Soaring inflation is going to be around for a while.
June 15, 2022, the Fed will almost certainly announce another rate increase to fight against it.
After May’s half-point hike, many are expecting another one. But increasingly, more expect three-quarters of a point on June 15th. (Update: The FOMC indeed raised 0.75%)
Higher interest rates decrease demand. There’s another name for substantially decreased demand. It’s called a recession.
Capitalism is not inherently inflationary.
Sure, as employers’ demand for labor rises, that’s inflationary.
But as businesses compete to offer goods and services at the lowest price, that’s deflationary.
Libertarians are quick to point out that America has too much government intervention to be considered a truly capitalist economy anymore.
Some have speculated that politicians are plotting another stimulus check drop on American citizens so that they can deal with inflation.
Sheesh, this policy blunder would be like shooting a man that’s already dead.
This absurd approach of “printing up currency” is to help people deal with the consequences of… well, “printing up currency”.
Think it’s preposterous?
Well, Quebec is actually doing this. They’re issuing $500 stimulus checks to help the Canadian province’s residents deal with inflation.
In any case, a look at history tells us that we could be in for high inflation for a full decade.
Make financial decisions accordingly.
With the rate hikes, major markets are faltering so much that some stocks’price-to-earnings ratios have actually returned to historically justifiable levels for some.
But not around here. Stocks don’t build wealth; here’s my explainer video on why.
Major stock indices are as directionless as a thought leader locked out of Twitter.
Cryptocurrencies are in an all-out historic meltdown. More volatile than stocks, many have lost 50%-60%+ of their value just this year. In recent days:
- Crypto trading platforms halted withdrawals
- Companies cut jobs
- Panicked investors dumped their holdings
The public is finally dismissing promoters’ claims of “I made $50k on doodoo coin. So you can you!”.
Let’s Go Brandon Coin, now worth $0.00, makes Dogecoin look like some sort of respectable family heirloom.
Each of these “risk assets”, tech stocks and crypto, are more sensitive to Fed interest rate hikes than real estate.
Then where to look?
Well, some feel that the “true rate of inflation” is 20% today. That’s how much prosperity one loses by storing cash.

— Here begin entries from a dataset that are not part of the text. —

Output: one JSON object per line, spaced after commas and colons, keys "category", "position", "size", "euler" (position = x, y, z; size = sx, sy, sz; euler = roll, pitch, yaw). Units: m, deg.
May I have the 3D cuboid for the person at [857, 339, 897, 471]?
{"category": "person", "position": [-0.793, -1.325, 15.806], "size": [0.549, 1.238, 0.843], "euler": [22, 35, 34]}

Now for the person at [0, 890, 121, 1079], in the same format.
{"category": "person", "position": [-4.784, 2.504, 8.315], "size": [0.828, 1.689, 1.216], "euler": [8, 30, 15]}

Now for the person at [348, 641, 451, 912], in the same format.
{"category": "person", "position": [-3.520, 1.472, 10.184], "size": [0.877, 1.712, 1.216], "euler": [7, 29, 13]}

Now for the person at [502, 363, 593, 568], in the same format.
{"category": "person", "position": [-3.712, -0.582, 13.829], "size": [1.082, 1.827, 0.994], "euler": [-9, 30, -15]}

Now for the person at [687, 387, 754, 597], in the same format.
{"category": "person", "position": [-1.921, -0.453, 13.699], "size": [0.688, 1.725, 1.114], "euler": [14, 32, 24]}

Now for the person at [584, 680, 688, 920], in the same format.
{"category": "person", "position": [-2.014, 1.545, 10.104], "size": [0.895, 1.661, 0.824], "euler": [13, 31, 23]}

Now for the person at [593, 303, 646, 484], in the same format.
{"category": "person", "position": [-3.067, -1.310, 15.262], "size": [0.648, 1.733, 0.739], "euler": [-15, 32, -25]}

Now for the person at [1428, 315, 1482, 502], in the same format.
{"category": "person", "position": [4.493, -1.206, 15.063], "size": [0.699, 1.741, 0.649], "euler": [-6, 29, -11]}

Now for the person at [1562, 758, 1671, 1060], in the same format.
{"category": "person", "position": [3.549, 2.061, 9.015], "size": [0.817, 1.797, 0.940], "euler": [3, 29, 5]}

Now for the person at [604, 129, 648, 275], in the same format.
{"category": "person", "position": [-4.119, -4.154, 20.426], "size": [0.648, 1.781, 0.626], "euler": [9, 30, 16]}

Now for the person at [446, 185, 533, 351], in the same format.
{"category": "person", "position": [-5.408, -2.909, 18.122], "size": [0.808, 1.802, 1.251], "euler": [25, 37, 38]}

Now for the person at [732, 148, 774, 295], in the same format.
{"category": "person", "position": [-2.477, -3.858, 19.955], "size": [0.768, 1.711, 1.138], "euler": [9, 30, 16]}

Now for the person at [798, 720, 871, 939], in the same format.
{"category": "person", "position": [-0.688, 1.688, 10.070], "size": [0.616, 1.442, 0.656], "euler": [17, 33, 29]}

(I believe it’s wise to hold at least 3-5% of your real estate portfolio’s value in cash.)
Follow the money. Big institutional buyers like American Homes 4 Rent keep plowing money into real estate, especially single-family rental homes.
Though the institutional share is increasing, the overwhelming majority of homes are still bought by individuals like you.
In the fourth quarter of 2021, institutional buyers comprised 18% of home purchases.
As affordability clamps down on wannabe first-time homebuyers, unfortunately, many of these fine people never make it to the closing table.
Instead, they’re increasingly your renter.
Rent price growth is predicted to outpace home price growth this year.
Though some measures are lower, Rent.com’s Rent Report shows an astounding 26% annual national rent increase.
While many major markets are struggling with a streak of Fed rate hikes that could drag on longer than the final two minutes of an NBA game…
…for real estate investors, the rent just keeps flowing in.